WHAT YOU HAVE TO DO — Transcribe the listing below word for word but skip its images.

#### INFORMATION SHOWN

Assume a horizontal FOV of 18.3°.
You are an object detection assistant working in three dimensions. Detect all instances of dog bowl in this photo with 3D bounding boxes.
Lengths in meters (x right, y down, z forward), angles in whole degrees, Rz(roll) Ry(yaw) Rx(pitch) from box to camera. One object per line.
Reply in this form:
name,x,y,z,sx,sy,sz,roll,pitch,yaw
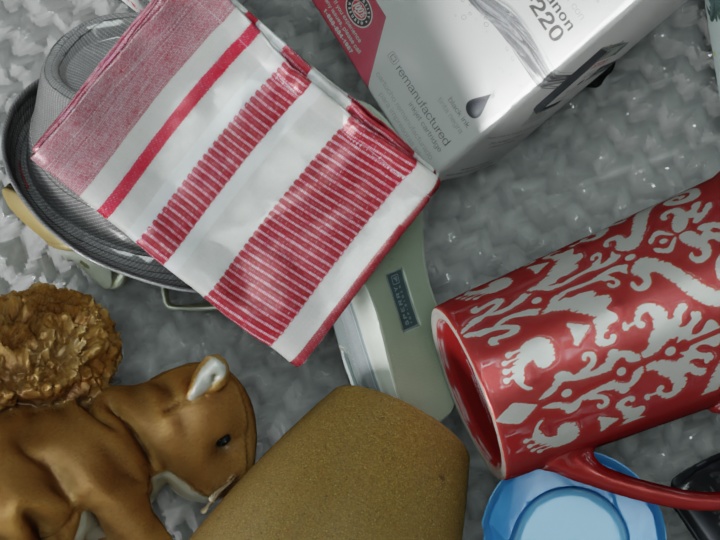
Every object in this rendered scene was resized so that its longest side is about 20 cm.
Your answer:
dog bowl,0.111,0.206,1.337,0.111,0.050,0.201,19,83,7

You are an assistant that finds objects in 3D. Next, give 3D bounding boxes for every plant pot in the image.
plant pot,-0.019,0.176,1.301,0.185,0.187,0.201,25,69,7

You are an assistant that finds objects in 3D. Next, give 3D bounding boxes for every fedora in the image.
fedora,-0.119,-0.086,1.342,0.199,0.091,0.177,32,52,18

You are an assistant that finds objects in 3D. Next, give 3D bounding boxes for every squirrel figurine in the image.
squirrel figurine,-0.164,0.093,1.333,0.186,0.142,0.201,-31,83,-8

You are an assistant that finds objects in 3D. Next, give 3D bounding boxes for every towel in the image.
towel,-0.068,-0.059,1.280,0.200,0.023,0.144,39,88,-12

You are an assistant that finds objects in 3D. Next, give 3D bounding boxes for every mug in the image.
mug,0.160,0.050,1.290,0.199,0.134,0.178,-21,54,-9

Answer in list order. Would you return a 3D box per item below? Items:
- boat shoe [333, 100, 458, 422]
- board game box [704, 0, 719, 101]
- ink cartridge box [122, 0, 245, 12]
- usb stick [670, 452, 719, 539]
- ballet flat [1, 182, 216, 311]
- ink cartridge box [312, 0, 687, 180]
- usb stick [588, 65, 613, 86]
boat shoe,0.001,0.000,1.355,0.070,0.071,0.202,-16,93,-37
board game box,0.285,-0.196,1.369,0.146,0.064,0.202,-7,80,-9
ink cartridge box,-0.138,-0.229,1.347,0.145,0.200,0.084,40,83,9
usb stick,0.251,0.193,1.304,0.055,0.033,0.200,-24,58,-14
ballet flat,-0.130,-0.010,1.382,0.199,0.069,0.064,12,98,7
ink cartridge box,0.086,-0.169,1.328,0.200,0.085,0.146,-40,78,36
usb stick,0.150,-0.215,1.402,0.055,0.033,0.201,11,82,13

########

RESULT OF THE TASK —
Assume a horizontal FOV of 18.3°.
You are an object detection assistant working in three dimensions. Detect all instances of dog bowl in this photo with 3D bounding boxes.
Lengths in meters (x right, y down, z forward), angles in whole degrees, Rz(roll) Ry(yaw) Rx(pitch) from box to camera. One object per line.
Reply in this form:
name,x,y,z,sx,sy,sz,roll,pitch,yaw
Every object in this rendered scene was resized so that its longest side is about 20 cm.
Your answer:
dog bowl,0.111,0.206,1.337,0.111,0.050,0.201,19,83,7

You are an assistant that finds objects in 3D. Next, give 3D bounding boxes for every plant pot in the image.
plant pot,-0.019,0.176,1.301,0.185,0.187,0.201,25,69,7

You are an assistant that finds objects in 3D. Next, give 3D bounding boxes for every fedora in the image.
fedora,-0.119,-0.086,1.342,0.199,0.091,0.177,32,52,18

You are an assistant that finds objects in 3D. Next, give 3D bounding boxes for every squirrel figurine in the image.
squirrel figurine,-0.164,0.093,1.333,0.186,0.142,0.201,-31,83,-8

You are an assistant that finds objects in 3D. Next, give 3D bounding boxes for every towel in the image.
towel,-0.068,-0.059,1.280,0.200,0.023,0.144,39,88,-12

You are an assistant that finds objects in 3D. Next, give 3D bounding boxes for every mug in the image.
mug,0.160,0.050,1.290,0.199,0.134,0.178,-21,54,-9

Answer in list order. Would you return a 3D box per item below? Items:
- boat shoe [333, 100, 458, 422]
- board game box [704, 0, 719, 101]
- ink cartridge box [122, 0, 245, 12]
- usb stick [670, 452, 719, 539]
- ballet flat [1, 182, 216, 311]
- ink cartridge box [312, 0, 687, 180]
- usb stick [588, 65, 613, 86]
boat shoe,0.001,0.000,1.355,0.070,0.071,0.202,-16,93,-37
board game box,0.285,-0.196,1.369,0.146,0.064,0.202,-7,80,-9
ink cartridge box,-0.138,-0.229,1.347,0.145,0.200,0.084,40,83,9
usb stick,0.251,0.193,1.304,0.055,0.033,0.200,-24,58,-14
ballet flat,-0.130,-0.010,1.382,0.199,0.069,0.064,12,98,7
ink cartridge box,0.086,-0.169,1.328,0.200,0.085,0.146,-40,78,36
usb stick,0.150,-0.215,1.402,0.055,0.033,0.201,11,82,13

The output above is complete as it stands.